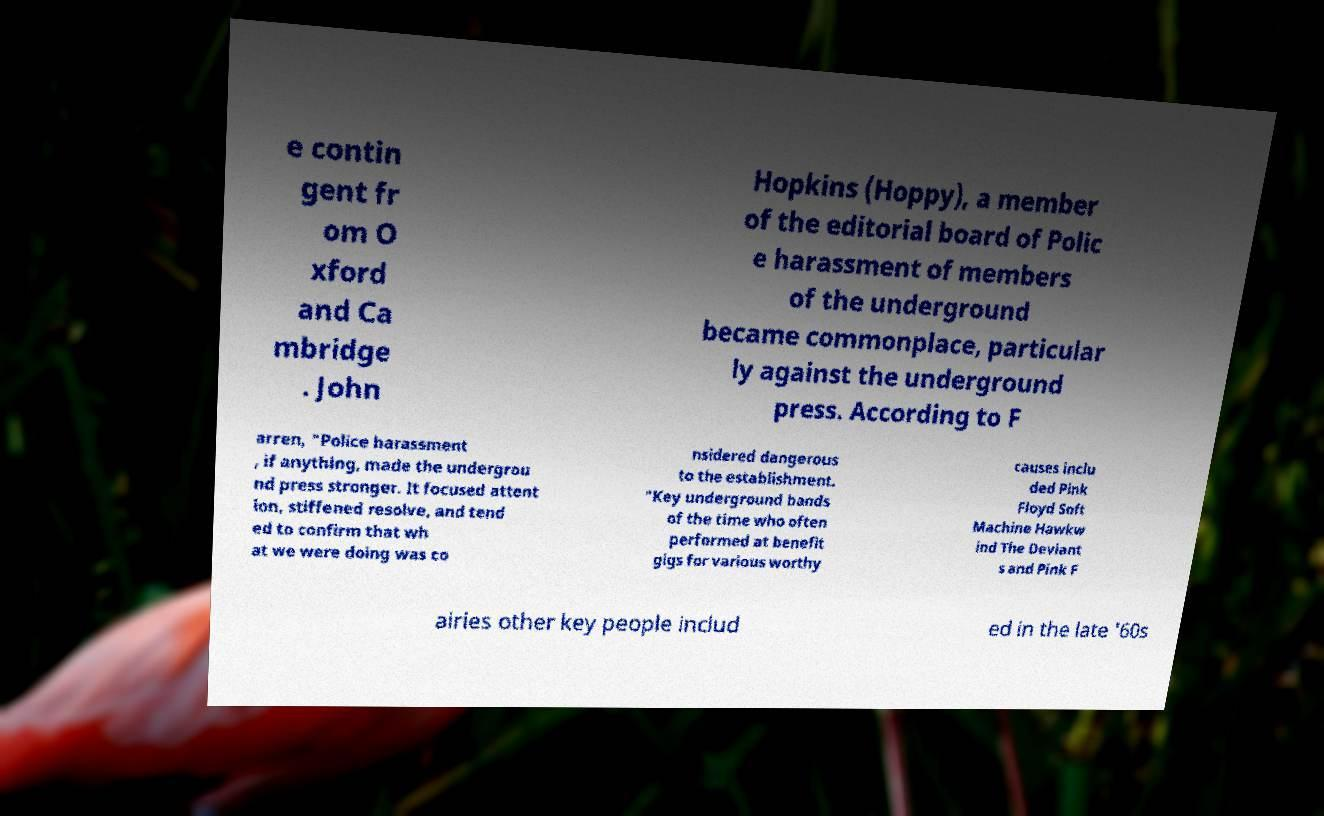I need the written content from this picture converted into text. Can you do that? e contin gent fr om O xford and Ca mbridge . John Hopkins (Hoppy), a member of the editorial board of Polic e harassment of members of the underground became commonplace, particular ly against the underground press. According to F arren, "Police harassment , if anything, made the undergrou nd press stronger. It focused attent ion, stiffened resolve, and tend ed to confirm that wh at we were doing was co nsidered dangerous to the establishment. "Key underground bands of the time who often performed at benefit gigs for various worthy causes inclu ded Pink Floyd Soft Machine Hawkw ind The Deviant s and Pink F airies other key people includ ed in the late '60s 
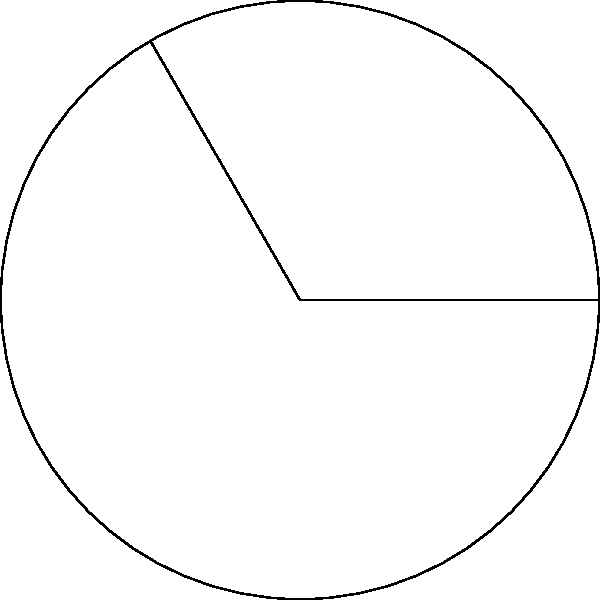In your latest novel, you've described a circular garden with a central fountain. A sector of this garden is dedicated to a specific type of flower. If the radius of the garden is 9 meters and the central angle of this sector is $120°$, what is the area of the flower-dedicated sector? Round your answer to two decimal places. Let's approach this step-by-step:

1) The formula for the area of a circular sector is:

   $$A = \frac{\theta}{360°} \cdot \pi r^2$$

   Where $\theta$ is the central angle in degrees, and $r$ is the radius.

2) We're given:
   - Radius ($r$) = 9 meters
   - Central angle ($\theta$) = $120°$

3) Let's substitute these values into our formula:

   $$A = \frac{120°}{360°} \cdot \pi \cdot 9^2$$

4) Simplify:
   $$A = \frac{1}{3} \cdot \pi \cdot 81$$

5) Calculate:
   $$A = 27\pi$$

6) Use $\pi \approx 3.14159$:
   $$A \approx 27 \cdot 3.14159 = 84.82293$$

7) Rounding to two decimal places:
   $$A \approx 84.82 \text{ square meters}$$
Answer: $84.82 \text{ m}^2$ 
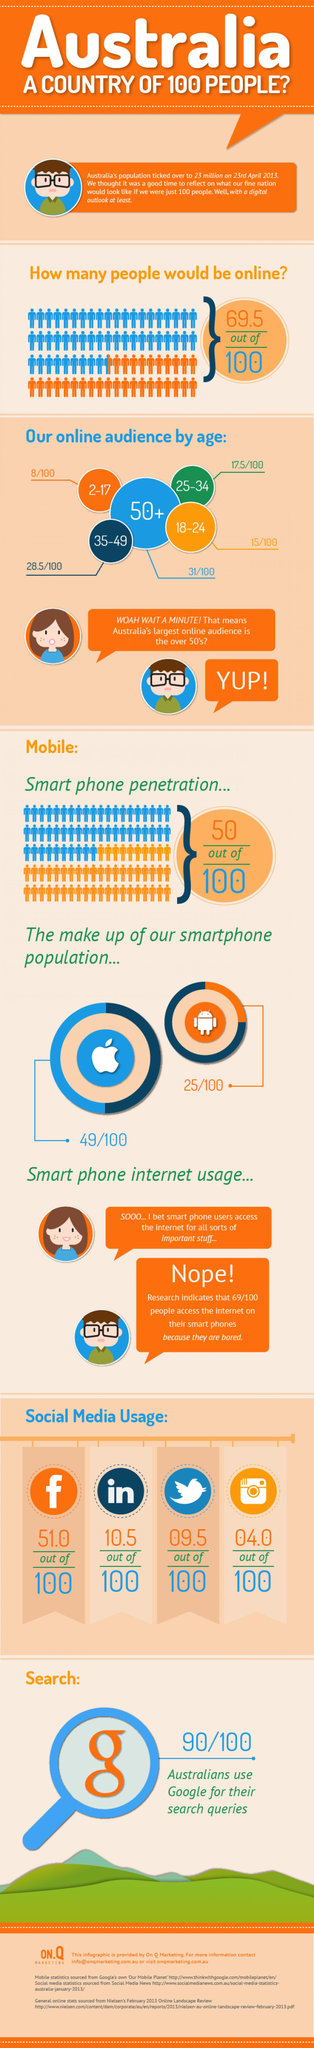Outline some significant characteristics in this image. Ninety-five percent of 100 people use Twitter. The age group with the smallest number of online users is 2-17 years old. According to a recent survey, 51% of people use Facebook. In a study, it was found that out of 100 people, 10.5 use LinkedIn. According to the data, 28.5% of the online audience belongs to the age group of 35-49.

---*---

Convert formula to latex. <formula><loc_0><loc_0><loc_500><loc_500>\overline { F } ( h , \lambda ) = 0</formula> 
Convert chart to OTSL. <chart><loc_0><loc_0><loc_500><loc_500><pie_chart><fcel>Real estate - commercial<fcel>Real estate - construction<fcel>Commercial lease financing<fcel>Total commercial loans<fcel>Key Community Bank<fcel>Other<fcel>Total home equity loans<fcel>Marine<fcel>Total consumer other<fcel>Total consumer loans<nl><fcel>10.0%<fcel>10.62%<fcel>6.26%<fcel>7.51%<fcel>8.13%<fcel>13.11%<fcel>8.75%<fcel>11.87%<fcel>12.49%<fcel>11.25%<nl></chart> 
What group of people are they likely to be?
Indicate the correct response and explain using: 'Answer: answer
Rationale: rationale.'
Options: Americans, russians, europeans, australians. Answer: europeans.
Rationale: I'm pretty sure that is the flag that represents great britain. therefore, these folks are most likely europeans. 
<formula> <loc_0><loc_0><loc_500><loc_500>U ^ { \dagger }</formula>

---*---

## EXERCISE
Go line by line through the records and copy those that contain the word "likely".

## RESPONSE TO THE EXERCISE
What group of people are they likely to be?
Rationale: I'm pretty sure that is the flag that represents great britain. therefore, these folks are most likely europeans. 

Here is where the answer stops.